Doesn't look too bad to me but certainly disappointing when this kind of damage occurs but any sword seeing any reasonable use will get some minor scratches or scuff marks, or at least they will look " minor " after the sanding you have done.

I guess it's a question of expectations: if you want a collection piece ( sword ) to stay completely unmarked it almost has to be kept under glass and handled only while wearing cotton gloves.

Well there are marks of use and then there is serious damage and deep notches which are a lot worse.

On the plus side, the sword is functionally 100% even with a few hard to completely remove scuff marks and the small dents in the pommel are best lived with. I guess you have to decide if this is going to continue to " bug " you or just get over it: The sword is now like a car that has lost it's "new car smell " or got it's first scratch on the paint job, or a chipped windshield from a piece of flying gravel. Wink Laughing Out Loud

Well, trying to make you feel better, not sure I'm helping much though ! I know I wouldn't be happy about it.

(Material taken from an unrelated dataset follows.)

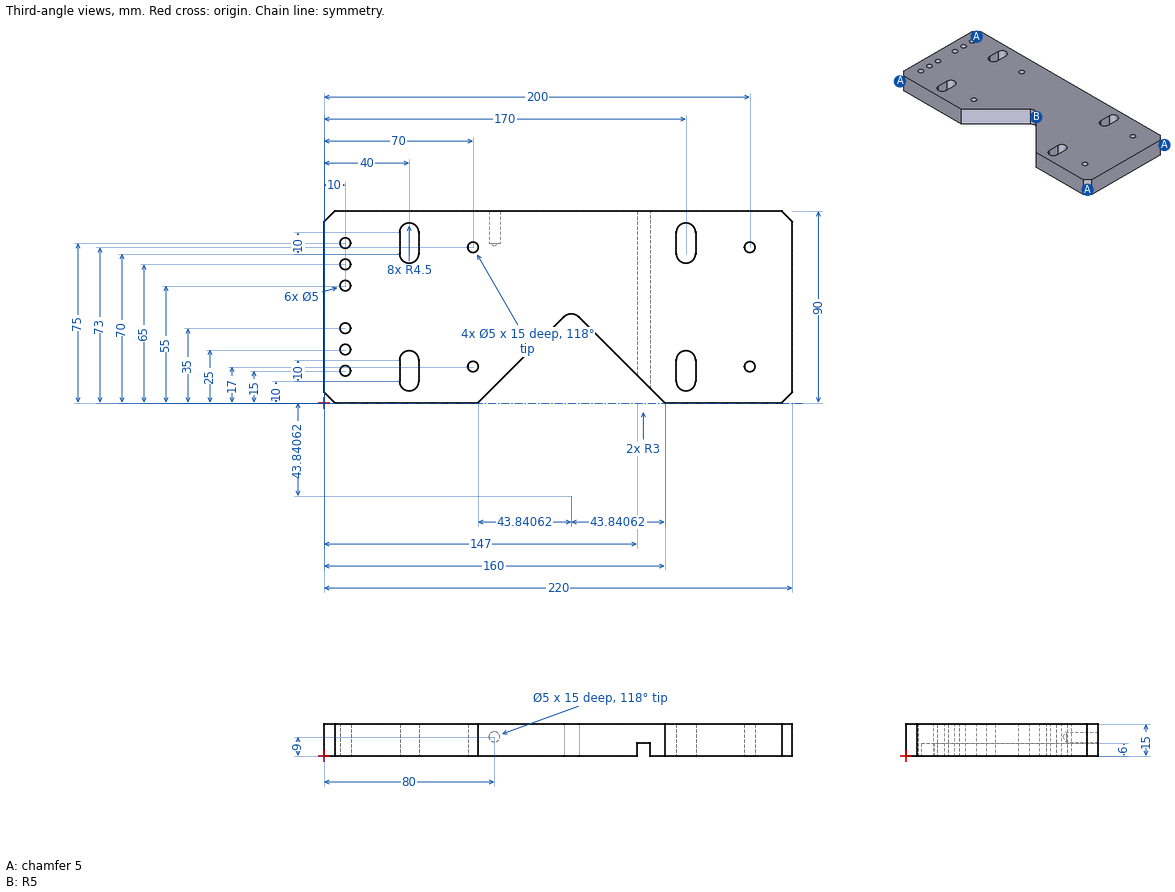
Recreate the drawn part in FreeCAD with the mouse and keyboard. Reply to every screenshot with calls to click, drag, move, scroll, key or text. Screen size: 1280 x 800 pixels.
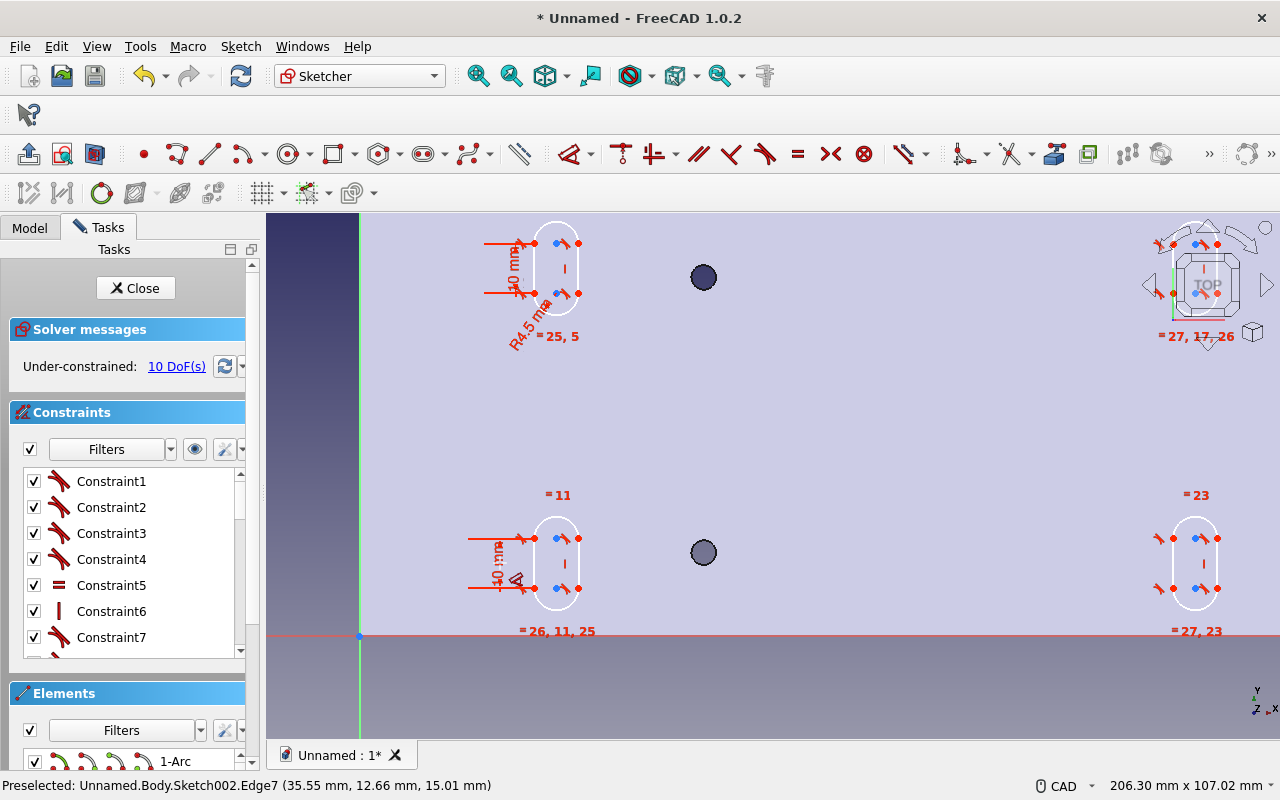
scroll(534, 572, down, 2)

Just to be " mean " Wink Razz I once hit the steel rails of a garage door with my custom " RavenWolf " sword made by Ollin: Very loud metal sound when I drew back the sword and it hit the steel rail very hard ..... Cry On the other hand the heat treat and quality steel of my custom sword showed ZERO damage to the edge but a nice cut mark in the steel rail ..... Just lucky I guess because having any sword fly out and land hard on pavement is going to cause minor dings at least.

More important is that no one got " decapitated " by a flying sword blade. Eek! WTF?! So, what happened ? A loss of concentration, a sweaty and slippery hand or too loose a grip on the sword handle ?

You can easily give up your freedom. You have to fight hard to get it back!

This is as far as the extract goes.